И что это за единица измерения «мнеж»?
Элефантов смутился. Во-первых, потому, что Алексей Архипович нащупал самые уязвимые точки его теории, а во-вторых… «Мнеж» расшифровывалось очень просто: Мария Нежинская. Но об этом не знал еще ни один человек на свете. Даже она сама.
– Биопотенциал измерялся на приборе моей конструкции…
– Он защищен авторским свидетельством?
Безусловно, Алексей Архипович обладал железной хваткой и беспощадным ударом. Элефантов уже знал, что последует за этим.
– Нет, заявка отклонена…
– Наверняка в связи с недостаточным теоретическим обоснованием?
– Да… Но прибор-то существует! А заявку я доработаю и представлю повторно!
– Я вам, конечно, желаю успеха. Но пока получается, что все ваши выводы строятся на результатах измерений уровня биополя, а прибор, которым это делается, официально не признан! Так?
– Так.
Эле фантов решил и проигрывая не терять достоинства.

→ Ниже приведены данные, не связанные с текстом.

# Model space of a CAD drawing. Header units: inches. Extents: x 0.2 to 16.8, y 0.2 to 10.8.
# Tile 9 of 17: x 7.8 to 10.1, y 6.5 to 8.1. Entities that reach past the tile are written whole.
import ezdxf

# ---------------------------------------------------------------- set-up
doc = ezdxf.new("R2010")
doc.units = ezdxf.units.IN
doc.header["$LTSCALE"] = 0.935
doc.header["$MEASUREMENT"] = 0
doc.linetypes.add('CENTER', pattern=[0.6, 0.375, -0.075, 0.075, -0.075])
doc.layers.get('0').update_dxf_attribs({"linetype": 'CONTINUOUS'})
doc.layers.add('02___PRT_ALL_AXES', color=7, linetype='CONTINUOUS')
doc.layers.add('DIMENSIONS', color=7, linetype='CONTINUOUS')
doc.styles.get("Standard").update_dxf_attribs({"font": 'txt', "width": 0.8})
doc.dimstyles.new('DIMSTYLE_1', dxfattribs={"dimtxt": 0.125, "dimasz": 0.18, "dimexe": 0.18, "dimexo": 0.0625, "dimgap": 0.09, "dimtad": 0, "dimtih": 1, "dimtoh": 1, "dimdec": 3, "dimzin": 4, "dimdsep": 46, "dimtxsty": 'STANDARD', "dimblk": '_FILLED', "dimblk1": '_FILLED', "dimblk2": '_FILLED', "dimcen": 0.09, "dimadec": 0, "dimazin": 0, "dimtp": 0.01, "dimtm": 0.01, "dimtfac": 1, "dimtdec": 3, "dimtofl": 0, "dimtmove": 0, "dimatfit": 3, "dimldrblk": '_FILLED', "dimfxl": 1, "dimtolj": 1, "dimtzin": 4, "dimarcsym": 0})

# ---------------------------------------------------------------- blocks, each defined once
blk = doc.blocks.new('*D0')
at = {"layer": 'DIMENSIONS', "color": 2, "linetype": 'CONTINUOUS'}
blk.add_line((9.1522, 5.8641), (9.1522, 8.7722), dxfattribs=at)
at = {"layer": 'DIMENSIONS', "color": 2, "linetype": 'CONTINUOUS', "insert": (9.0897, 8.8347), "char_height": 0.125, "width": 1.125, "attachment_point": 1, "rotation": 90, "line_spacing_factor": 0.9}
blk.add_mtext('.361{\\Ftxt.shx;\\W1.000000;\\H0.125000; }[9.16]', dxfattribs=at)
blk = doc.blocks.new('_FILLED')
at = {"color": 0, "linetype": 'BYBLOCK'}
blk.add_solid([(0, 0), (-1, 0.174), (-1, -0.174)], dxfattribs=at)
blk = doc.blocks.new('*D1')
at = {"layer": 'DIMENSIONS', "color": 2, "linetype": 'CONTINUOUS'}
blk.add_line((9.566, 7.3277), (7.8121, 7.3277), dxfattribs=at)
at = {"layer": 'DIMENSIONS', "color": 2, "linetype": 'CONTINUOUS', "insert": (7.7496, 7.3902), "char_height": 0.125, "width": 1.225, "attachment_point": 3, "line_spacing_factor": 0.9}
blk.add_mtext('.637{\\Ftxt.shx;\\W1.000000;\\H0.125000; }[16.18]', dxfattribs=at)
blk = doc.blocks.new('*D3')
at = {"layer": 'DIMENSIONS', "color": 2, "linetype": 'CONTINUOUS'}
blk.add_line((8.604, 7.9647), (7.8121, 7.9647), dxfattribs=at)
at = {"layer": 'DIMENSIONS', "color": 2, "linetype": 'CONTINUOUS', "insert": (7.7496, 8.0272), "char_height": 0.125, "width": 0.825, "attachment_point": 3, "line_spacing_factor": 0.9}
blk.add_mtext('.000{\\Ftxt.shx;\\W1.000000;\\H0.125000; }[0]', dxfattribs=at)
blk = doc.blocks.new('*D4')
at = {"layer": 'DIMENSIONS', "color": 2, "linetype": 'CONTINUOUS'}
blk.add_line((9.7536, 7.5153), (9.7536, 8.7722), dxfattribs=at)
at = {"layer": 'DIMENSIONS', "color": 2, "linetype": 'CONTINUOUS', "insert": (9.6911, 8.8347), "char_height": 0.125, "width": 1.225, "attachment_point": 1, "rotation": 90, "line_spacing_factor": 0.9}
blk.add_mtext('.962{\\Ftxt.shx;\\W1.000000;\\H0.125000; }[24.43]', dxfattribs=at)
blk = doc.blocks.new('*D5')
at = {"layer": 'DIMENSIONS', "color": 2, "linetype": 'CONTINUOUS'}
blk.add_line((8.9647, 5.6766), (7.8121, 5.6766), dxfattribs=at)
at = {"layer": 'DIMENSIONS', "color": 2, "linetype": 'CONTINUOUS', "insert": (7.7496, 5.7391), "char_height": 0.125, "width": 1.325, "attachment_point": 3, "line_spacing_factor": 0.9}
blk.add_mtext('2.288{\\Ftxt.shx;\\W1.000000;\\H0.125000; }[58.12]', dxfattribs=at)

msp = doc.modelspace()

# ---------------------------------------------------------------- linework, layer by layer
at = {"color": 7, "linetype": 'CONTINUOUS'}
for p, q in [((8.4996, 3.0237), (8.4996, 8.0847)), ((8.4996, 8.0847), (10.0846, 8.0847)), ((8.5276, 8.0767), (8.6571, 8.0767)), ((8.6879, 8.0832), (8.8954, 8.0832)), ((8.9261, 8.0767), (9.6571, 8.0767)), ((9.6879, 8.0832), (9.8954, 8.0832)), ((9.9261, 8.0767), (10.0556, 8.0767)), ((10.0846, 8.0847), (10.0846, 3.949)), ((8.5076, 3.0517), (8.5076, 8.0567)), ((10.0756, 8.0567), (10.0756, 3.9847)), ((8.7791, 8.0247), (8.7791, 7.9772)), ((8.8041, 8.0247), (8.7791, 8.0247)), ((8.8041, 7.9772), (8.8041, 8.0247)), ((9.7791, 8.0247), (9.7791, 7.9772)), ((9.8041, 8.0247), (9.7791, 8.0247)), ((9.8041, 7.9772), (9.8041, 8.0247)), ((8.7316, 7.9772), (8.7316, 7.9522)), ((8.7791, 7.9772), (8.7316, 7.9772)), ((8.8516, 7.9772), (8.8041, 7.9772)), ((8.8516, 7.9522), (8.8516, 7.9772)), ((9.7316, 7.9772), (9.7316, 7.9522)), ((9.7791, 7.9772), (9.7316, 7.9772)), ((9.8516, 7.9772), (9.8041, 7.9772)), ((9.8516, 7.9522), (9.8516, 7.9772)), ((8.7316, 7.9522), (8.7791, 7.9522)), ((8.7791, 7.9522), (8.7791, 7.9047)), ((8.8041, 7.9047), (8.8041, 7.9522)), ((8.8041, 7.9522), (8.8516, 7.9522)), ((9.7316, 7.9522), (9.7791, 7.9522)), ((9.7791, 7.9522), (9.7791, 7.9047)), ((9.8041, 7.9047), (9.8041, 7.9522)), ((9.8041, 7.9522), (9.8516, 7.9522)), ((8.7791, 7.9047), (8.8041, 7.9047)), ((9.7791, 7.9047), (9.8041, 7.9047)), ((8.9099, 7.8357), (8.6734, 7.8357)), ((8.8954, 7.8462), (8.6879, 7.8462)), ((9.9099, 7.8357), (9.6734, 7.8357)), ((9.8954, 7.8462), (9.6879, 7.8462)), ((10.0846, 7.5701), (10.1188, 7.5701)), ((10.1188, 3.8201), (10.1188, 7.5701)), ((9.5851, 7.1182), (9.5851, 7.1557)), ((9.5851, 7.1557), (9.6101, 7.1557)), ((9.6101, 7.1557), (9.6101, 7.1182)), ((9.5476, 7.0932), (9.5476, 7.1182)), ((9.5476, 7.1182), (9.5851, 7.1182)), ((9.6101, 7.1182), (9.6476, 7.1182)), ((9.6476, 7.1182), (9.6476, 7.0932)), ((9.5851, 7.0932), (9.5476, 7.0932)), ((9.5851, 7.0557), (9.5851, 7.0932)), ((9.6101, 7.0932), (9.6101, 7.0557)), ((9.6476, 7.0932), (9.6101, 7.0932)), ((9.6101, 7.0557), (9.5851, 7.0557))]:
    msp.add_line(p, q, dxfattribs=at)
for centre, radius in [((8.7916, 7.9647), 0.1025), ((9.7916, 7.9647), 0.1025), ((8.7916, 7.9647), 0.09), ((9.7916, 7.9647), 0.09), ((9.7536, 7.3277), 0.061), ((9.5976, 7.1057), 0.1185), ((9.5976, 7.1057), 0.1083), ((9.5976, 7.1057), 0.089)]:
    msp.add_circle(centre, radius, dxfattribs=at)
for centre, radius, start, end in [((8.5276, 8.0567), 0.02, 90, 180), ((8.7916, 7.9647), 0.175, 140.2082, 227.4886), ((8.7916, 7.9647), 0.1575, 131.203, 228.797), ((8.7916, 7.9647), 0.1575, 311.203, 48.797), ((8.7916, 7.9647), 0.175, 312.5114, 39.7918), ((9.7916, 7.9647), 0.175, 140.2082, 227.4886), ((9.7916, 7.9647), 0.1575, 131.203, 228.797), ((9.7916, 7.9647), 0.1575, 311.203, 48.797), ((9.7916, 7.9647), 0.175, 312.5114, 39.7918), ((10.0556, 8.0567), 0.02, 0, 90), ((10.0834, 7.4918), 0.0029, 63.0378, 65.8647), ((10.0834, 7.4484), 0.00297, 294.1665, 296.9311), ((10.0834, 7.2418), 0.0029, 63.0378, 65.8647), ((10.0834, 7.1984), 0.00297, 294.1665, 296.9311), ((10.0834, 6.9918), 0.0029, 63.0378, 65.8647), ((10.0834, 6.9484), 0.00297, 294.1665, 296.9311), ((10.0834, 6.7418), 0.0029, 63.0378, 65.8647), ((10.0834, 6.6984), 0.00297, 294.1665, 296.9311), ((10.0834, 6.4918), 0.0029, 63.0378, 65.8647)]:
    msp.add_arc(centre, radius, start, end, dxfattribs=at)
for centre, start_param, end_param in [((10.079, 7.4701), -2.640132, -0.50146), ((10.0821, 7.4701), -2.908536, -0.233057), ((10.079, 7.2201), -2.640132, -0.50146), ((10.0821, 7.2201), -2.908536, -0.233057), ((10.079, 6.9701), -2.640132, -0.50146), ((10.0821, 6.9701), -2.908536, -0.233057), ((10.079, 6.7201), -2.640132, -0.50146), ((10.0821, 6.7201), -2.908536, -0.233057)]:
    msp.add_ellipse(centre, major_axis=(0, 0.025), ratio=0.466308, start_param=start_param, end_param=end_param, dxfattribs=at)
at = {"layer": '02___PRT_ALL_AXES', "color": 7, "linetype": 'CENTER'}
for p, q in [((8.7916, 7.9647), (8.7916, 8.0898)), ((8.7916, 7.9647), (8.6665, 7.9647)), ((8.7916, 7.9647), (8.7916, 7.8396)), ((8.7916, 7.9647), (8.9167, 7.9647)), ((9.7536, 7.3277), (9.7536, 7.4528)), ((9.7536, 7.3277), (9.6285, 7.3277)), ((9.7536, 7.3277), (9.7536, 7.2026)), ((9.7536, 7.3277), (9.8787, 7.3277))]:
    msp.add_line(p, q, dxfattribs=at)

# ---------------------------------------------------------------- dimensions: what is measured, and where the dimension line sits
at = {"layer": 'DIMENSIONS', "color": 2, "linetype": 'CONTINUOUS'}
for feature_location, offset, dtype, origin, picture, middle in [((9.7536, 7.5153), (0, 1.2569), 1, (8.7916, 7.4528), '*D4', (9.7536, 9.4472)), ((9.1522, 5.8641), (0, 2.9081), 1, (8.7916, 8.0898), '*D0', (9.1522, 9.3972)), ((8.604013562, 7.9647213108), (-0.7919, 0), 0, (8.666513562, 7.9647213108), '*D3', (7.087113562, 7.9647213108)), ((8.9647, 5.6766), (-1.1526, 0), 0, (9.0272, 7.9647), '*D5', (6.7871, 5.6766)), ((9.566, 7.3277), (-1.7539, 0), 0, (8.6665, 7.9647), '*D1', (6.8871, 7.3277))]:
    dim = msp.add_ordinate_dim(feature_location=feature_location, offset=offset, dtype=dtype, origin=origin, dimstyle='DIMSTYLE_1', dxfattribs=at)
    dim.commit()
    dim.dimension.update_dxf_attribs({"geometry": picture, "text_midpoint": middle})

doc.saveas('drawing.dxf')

– А следовательно, научность и достоверность вашего исследования равняется… Чему?
– Вы хотите сказать – нулю? Ну а если через полгода, год заявку примут, биоэнергометр получит право гражданства, что тогда?
– Не знаю. – Теперь дымчатые стекла блестели немного снисходительно.
– Тогда будет видно.
Куратор поднялся, всем своим видом давая понять, что недопустимо затянувшийся визит пора заканчивать.
– Но такой подход приведет только к потере времени! Ведь уже сейчас видно, что существует эффект экстрасенсорной связи! Разве можно отказываться от исследований только по формальным соображениям?
Элефантов почти кричал, куратор, втянув голову в плечи, делал вид, что его здесь нет, он не видит и не слышит происходящего. Наступила тревожная пауза. В проблеске очков появился интерес.